- Gezieltere Eingrenzung betroffener Zonen
- Weniger unnötige Bauteilöffnungen nötig
- Bessere Abstimmung weiterer Schritte
- Nachvollziehbare Dokumentation der Messlage
Leckortung in Markt Schwaben
Der Untergrund rund um Markt Schwaben besteht überwiegend aus Altmoräne mit Endmoränenzügen; die nächste Grundwasser-Messstelle liegt rund 4.8 km entfernt – das beeinflusst, wie sich Leckwasser ausbreitet und wo die Leckortung ansetzt.
Zu Beginn sollten Zugänge zu Bodenflächen, Wandbereichen und möglichen Messstellen frei sein, damit Feuchtebilder ohne unnötige Verzögerung eingeordnet werden können. So lassen sich betroffene Bereiche klarer abgrenzen und Folgeschäden an angrenzenden Bauteilen eher vermeiden. Wenn eine Leckortung in Markt Schwaben ansteht, helfen diese Angaben bei der ersten Einordnung.
Präzise eingrenzen, gezielt öffnen
Wasserleitungen und Kanäle in Markt Schwaben sind teilweise marode und erfordern Leckortung und Sanierung. Zu den Nachbarorten zählen Ottenhofen, Poing und Finsing.
Für eine erste Planung hilft ein neutraler Blick auf betroffene Bereiche, sichtbare Feuchtezonen, Zugänge und die Erreichbarkeit der Messpunkte. Relevant sind freie Bodenflächen für Messgeräte, zugängliche Wandbereiche sowie Angaben zum Aufbau von Boden und Wand, soweit diese bekannt sind. Auch verdeckte Leitungsführungen, Schachtzugänge, Schutzmaßnahmen für angrenzende Oberflächen und die Ablaufkoordination können den Aufwand der Untersuchung beeinflussen. Wenn Unterlagen, Fotos oder kurze Markierungen vorliegen, lässt sich der Arbeitsbereich meist besser strukturieren. Ebenso hilfreich sind Hinweise dazu, ob Flächen vorübergehend freigeräumt werden müssen und wie Zuwege innerhalb des Gebäudes nutzbar sind.

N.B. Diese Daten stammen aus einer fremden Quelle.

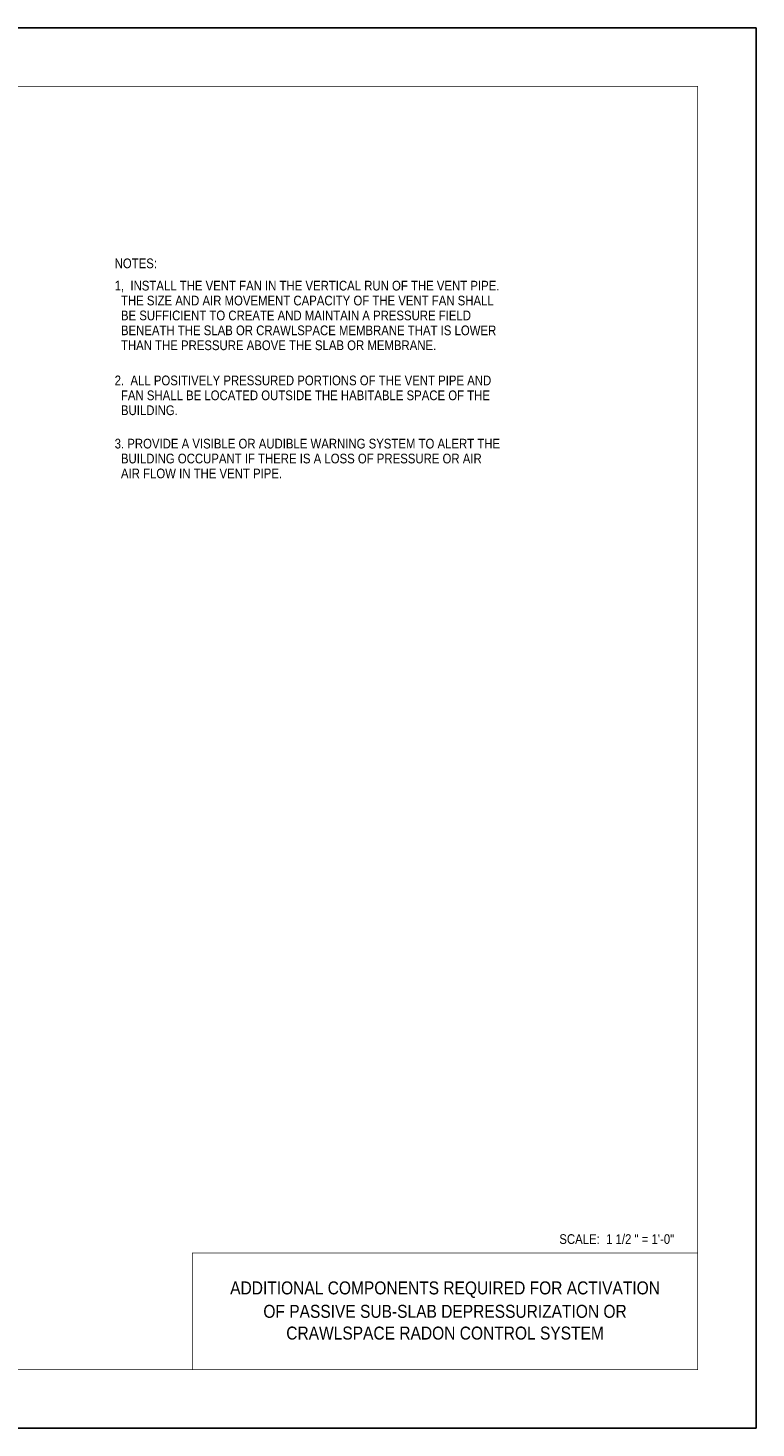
# Model space of a CAD drawing. Extents: x -4.7 to 19.3, y -5.1 to 12.9.
# Tile 10 of 10: x 9.9 to 19.3, y -5.1 to 12.9. Entities that reach past the tile are written whole.
import ezdxf
from ezdxf.enums import TextEntityAlignment as Align

# ---------------------------------------------------------------- set-up
doc = ezdxf.new("R2010")
doc.units = 0
doc.layers.add('32', color=7, linetype='CONTINUOUS')
doc.layers.add('35', color=7, linetype='CONTINUOUS')

msp = doc.modelspace()

# ---------------------------------------------------------------- linework, layer by layer
at = {"layer": '35', "linetype": 'CONTINUOUS'}
msp.add_lwpolyline([(-4.704357, -5.12197), (19.295643, -5.12197), (19.295643, 12.87803), (-4.704357, 12.87803)], close=True, dxfattribs=at)
at = {"layer": '35', "linetype": 'CONTINUOUS', "const_width": 0.01}
for points in [[(-3.204357, -4.37197), (18.545643, -4.37197), (18.545643, 12.12803), (-3.204357, 12.12803)], [(12.045643, -4.37197), (18.545643, -4.37197), (18.545643, -2.87197), (12.045643, -2.87197)]]:
    msp.add_lwpolyline(points, close=True, dxfattribs=at)

# ---------------------------------------------------------------- texts
at = {"layer": '32', "color": 1, "linetype": 'CONTINUOUS', "width": 0.875}
for s, p in [('NOTES:', (11.045643, 9.914488)), ('1,  INSTALL THE VENT FAN IN THE VERTICAL RUN OF THE VENT PIPE.', (11.045643, 9.62803)), ('  THE SIZE AND AIR MOVEMENT CAPACITY OF THE VENT FAN SHALL', (11.045643, 9.436363)), ('  BE SUFFICIENT TO CREATE AND MAINTAIN A PRESSURE FIELD', (11.045643, 9.244697)), ('  BENEATH THE SLAB OR CRAWLSPACE MEMBRANE THAT IS LOWER', (11.045643, 9.05303)), ('  THAN THE PRESSURE ABOVE THE SLAB OR MEMBRANE.', (11.045643, 8.861363)), ('2.  ALL POSITIVELY PRESSURED PORTIONS OF THE VENT PIPE AND', (11.045643, 8.40928)), ('  FAN SHALL BE LOCATED OUTSIDE THE HABITABLE SPACE OF THE', (11.045643, 8.217613)), ('  BUILDING.', (11.045643, 8.025947)), ('3. PROVIDE A VISIBLE OR AUDIBLE WARNING SYSTEM TO ALERT THE', (11.045643, 7.59678)), ('  BUILDING OCCUPANT IF THERE IS A LOSS OF PRESSURE OR AIR', (11.045643, 7.405113)), ('  AIR FLOW IN THE VENT PIPE.', (11.045643, 7.213447)), ('SCALE:  1 1/2 " = 1\'-0"', (16.765529, -2.630673))]:
    msp.add_text(s, height=0.125, dxfattribs=at).set_placement(p, align=Align.TOP_LEFT)
at = {"layer": '32', "color": 1, "linetype": 'CONTINUOUS', "width": 0.894737}
for s, p in [('ADDITIONAL COMPONENTS REQUIRED FOR ACTIVATION', (15.295643, -3.342478)), ('OF PASSIVE SUB-SLAB DEPRESSURIZATION OR', (15.295642, -3.62197)), ('CRAWLSPACE RADON CONTROL SYSTEM', (15.295642, -3.901462))]:
    msp.add_text(s, height=0.166992, dxfattribs=at).set_placement(p, align=Align.MIDDLE)

doc.saveas('drawing.dxf')

Das bringt eine präzise Ortung
Die Leckage wird messtechnisch eingegrenzt, ehe geöffnet wird – passend zum Schadensbild.
- Heizkreise gezielt voneinander abgrenzen
- Wärmebild und Druckbild abgleichen
- Estrichbereiche genauer eingrenzen
- Öffnungen auf bestätigte Stelle begrenzen
- Feuchtequellen systematisch unterscheiden
- Sichtbild und Messbild zusammenführen
- Betroffene Bereiche klarer abgrenzen
- Entscheidungen zur Ursache stützen
So grenzen wir die Leckstelle ein
Fünf Schritte – technisch, zerstörungsarm und nachvollziehbar dokumentiert.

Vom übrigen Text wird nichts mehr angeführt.